One little song
Give me strength to leave the sad and the wrong
Buried safely in the past where I’ve been living
Alive but unforgiving
Let me go, let me go, let me go, let me go
Christmas seems to be a time of year when many of us are facing our old “demons” again. This time of reflection and stillness, when the year comes to a halt, seems to be calling for a confrontation with our innermost – and old childhood memories and experience that had long been forgotten, or buried deep down in our subconscious, sometimes pop up again. Even more so when gathering with family and old friends from the past.
For me, this has certainly been the case.

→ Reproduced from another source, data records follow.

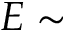Convert formula to latex. <formula><loc_0><loc_0><loc_500><loc_500>E \sim</formula> 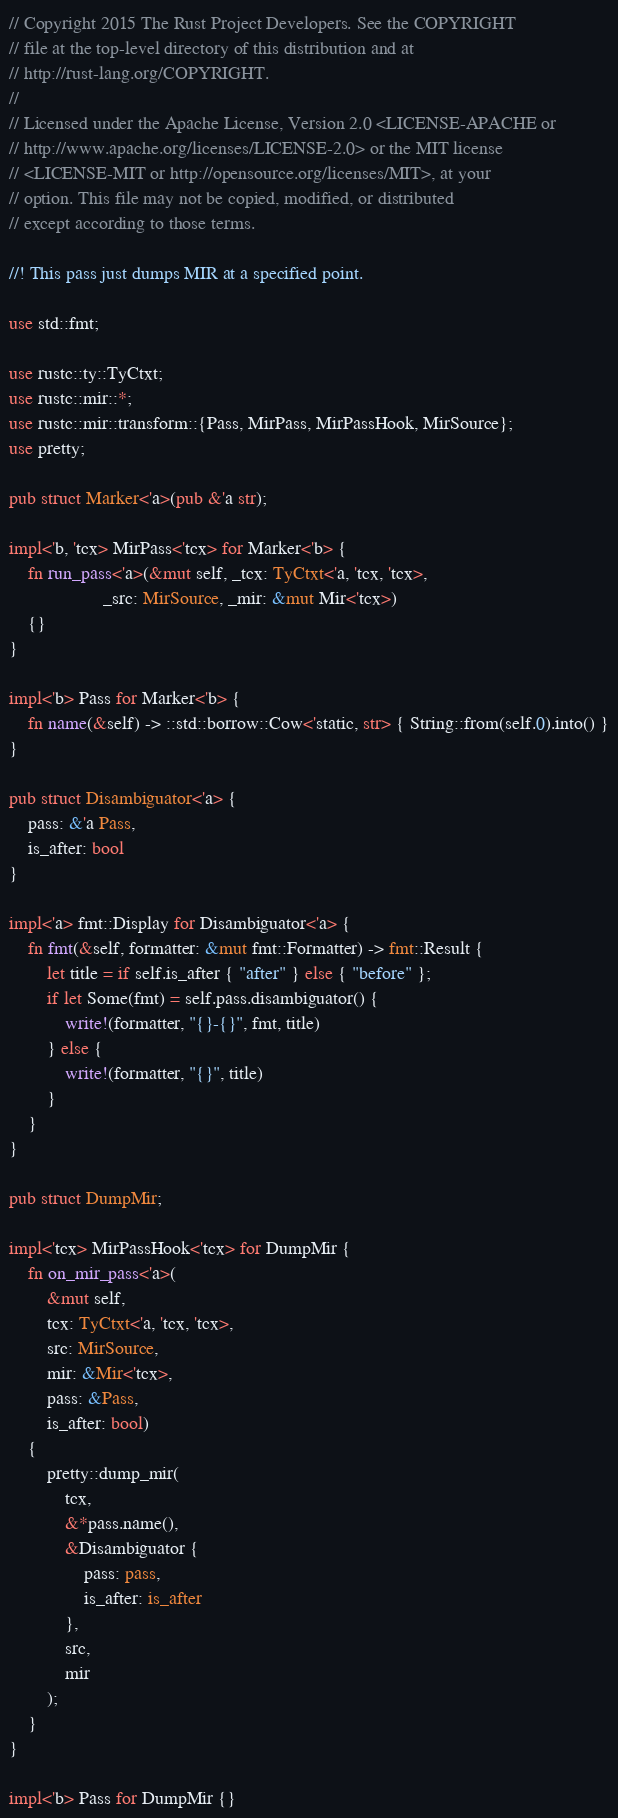Convert code to text. <code><loc_0><loc_0><loc_500><loc_500><_Rust_>// Copyright 2015 The Rust Project Developers. See the COPYRIGHT
// file at the top-level directory of this distribution and at
// http://rust-lang.org/COPYRIGHT.
//
// Licensed under the Apache License, Version 2.0 <LICENSE-APACHE or
// http://www.apache.org/licenses/LICENSE-2.0> or the MIT license
// <LICENSE-MIT or http://opensource.org/licenses/MIT>, at your
// option. This file may not be copied, modified, or distributed
// except according to those terms.

//! This pass just dumps MIR at a specified point.

use std::fmt;

use rustc::ty::TyCtxt;
use rustc::mir::*;
use rustc::mir::transform::{Pass, MirPass, MirPassHook, MirSource};
use pretty;

pub struct Marker<'a>(pub &'a str);

impl<'b, 'tcx> MirPass<'tcx> for Marker<'b> {
    fn run_pass<'a>(&mut self, _tcx: TyCtxt<'a, 'tcx, 'tcx>,
                    _src: MirSource, _mir: &mut Mir<'tcx>)
    {}
}

impl<'b> Pass for Marker<'b> {
    fn name(&self) -> ::std::borrow::Cow<'static, str> { String::from(self.0).into() }
}

pub struct Disambiguator<'a> {
    pass: &'a Pass,
    is_after: bool
}

impl<'a> fmt::Display for Disambiguator<'a> {
    fn fmt(&self, formatter: &mut fmt::Formatter) -> fmt::Result {
        let title = if self.is_after { "after" } else { "before" };
        if let Some(fmt) = self.pass.disambiguator() {
            write!(formatter, "{}-{}", fmt, title)
        } else {
            write!(formatter, "{}", title)
        }
    }
}

pub struct DumpMir;

impl<'tcx> MirPassHook<'tcx> for DumpMir {
    fn on_mir_pass<'a>(
        &mut self,
        tcx: TyCtxt<'a, 'tcx, 'tcx>,
        src: MirSource,
        mir: &Mir<'tcx>,
        pass: &Pass,
        is_after: bool)
    {
        pretty::dump_mir(
            tcx,
            &*pass.name(),
            &Disambiguator {
                pass: pass,
                is_after: is_after
            },
            src,
            mir
        );
    }
}

impl<'b> Pass for DumpMir {}
</code>

Spending some time in the house where I grew up, without really noticing I got caught up again in emotional states I thought I had long left behind me. Old grudges surfaced again like old annoying acquaintances and led to all sorts of unhealthy behavior. And, what’s worse, unhealthy ways of thinking. About those close to me, but especially about myself. It seemed as if my whole concept of self, of who I am, who I want to, can, and am allowed to be, had to be renegotiated.
…the past where I’ve been living / Alive but unforgiving
And the more I became aware of this, the more I struggled with this dilemma. I didn’t want to feel the way I felt and so I became virtually obsessed with attempting to finally get rid of these destructive beliefs and behavioral patterns. I wanted to let go of all the childhood trauma and to finally forgive those I found myself to still hold a grudge against. Easier said than done. And so I started pitying myself for being so entangled in my past. Again.
But what can you actively do to finally let go of the past and move on, in a healthy way? I still don’t have an answer to this and I admit that I’m probably not even halfway there. But an idea crossed my mind that I encountered during my NLP training a couple of years ago. Which is that, by focusing on something we do NOT want, we are still focusing on this very unwanted thing – behavior, thought, whatever it might be. And by focusing on it we fuel it with even more energy and attention, making it almost impossible to let go of this issue. The well-known idea that energy flows where attention goes.
…change this way of living
Clearly the attempt to consciously let go did not work. And so, when someone close to me suggested to try something new, make an experiment, I decided to give it a try. There wasn’t much else I could do anyway.
And I came to think that, maybe, it’s not so much about letting go, but rather about letting be. About embracing what is and what has been, and accepting that our past is a part of us. And about reminding ourselves that we are still free to choose anew, each day, in which direction we want to go and which thoughts and ideas we want to cultivate.
At least this is what I am doing now. And what this song by the Avett Brothers keeps reminding me of: that we aren’t captives of our past and that we are free to decide to move on however we like.
And so far it has been working for me. Interestingly, since I accepted these old emotional states and beliefs to be a part of me, they seem to have faded a bit and lost some power.
And so I feel ready to welcome the new year – a year where I will be able to choose, each day, who I want to be and in which direction I want to proceed.
Souls like the wings
Spreading out, away from bad memories
Make us capable of taking off and landing
Alive with understanding.
May it be a year full of new beginnings and happiness for all of us.